You could use a generator expression with a default value and then next it:

next((x for x in seq if predicate(x)), None)

Although for this one-liner you need to be using Python >= 2.6.

This rather popular article further discusses this issue: Cleanest Python find-in-list function?.

I don't think there's anything wrong with either solutions you proposed in your question.

In my own code, I would implement it like this though:

(x for x in seq if predicate(x)).next()

The syntax with () creates a generator, which is more efficient than generating all the list at once with [].

J.F. Sebastian's answer is most elegant but requires python 2.6 as fortran pointed out.

For Python version < 2.6, here's the best I can come up with:

from itertools import repeat,ifilter,chain
chain(ifilter(predicate,seq),repeat(None)).next()
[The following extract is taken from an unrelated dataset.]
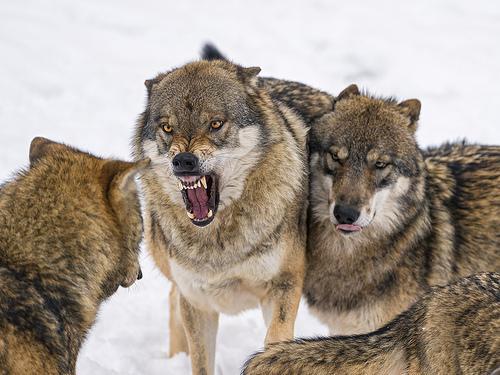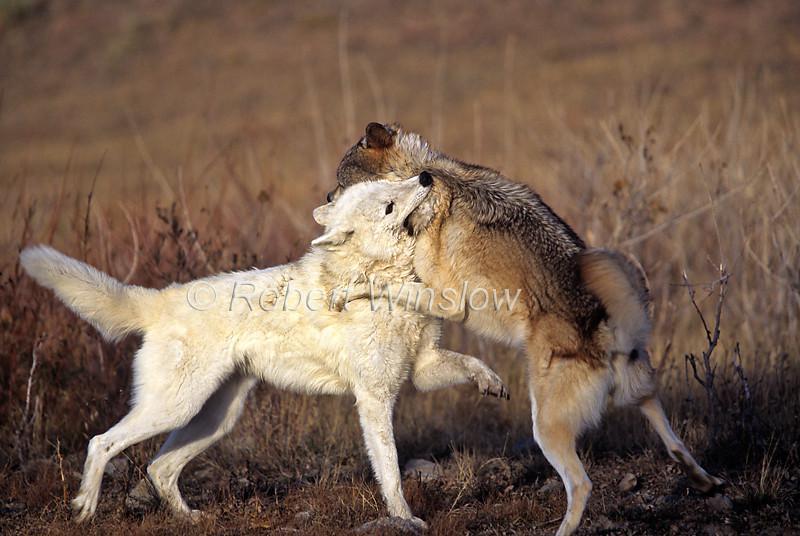The first image is the image on the left, the second image is the image on the right. Examine the images to the left and right. Is the description "One image shows at least three wolves in a confrontational scene, with the one at the center baring its fangs with a wide open mouth, and the other image shows a wolf jumping on another wolf." accurate? Answer yes or no. Yes. The first image is the image on the left, the second image is the image on the right. For the images displayed, is the sentence "In at least one image, there are three wolves on snow with at least one with an open angry mouth." factually correct? Answer yes or no. Yes.

Alternatively if you needed a list later (list handles the StopIteration), or you needed more than just the first but still not all, you can do it with islice:

from itertools import islice,ifilter
list(islice(ifilter(predicate,seq),1))

UPDATE: Although I am personally using a predefined function called first() that catches a StopIteration and returns None, Here's a possible improvement over the above example: avoid using filter / ifilter:

from itertools import islice,chain
chain((x for x in seq if predicate(x)),repeat(None)).next()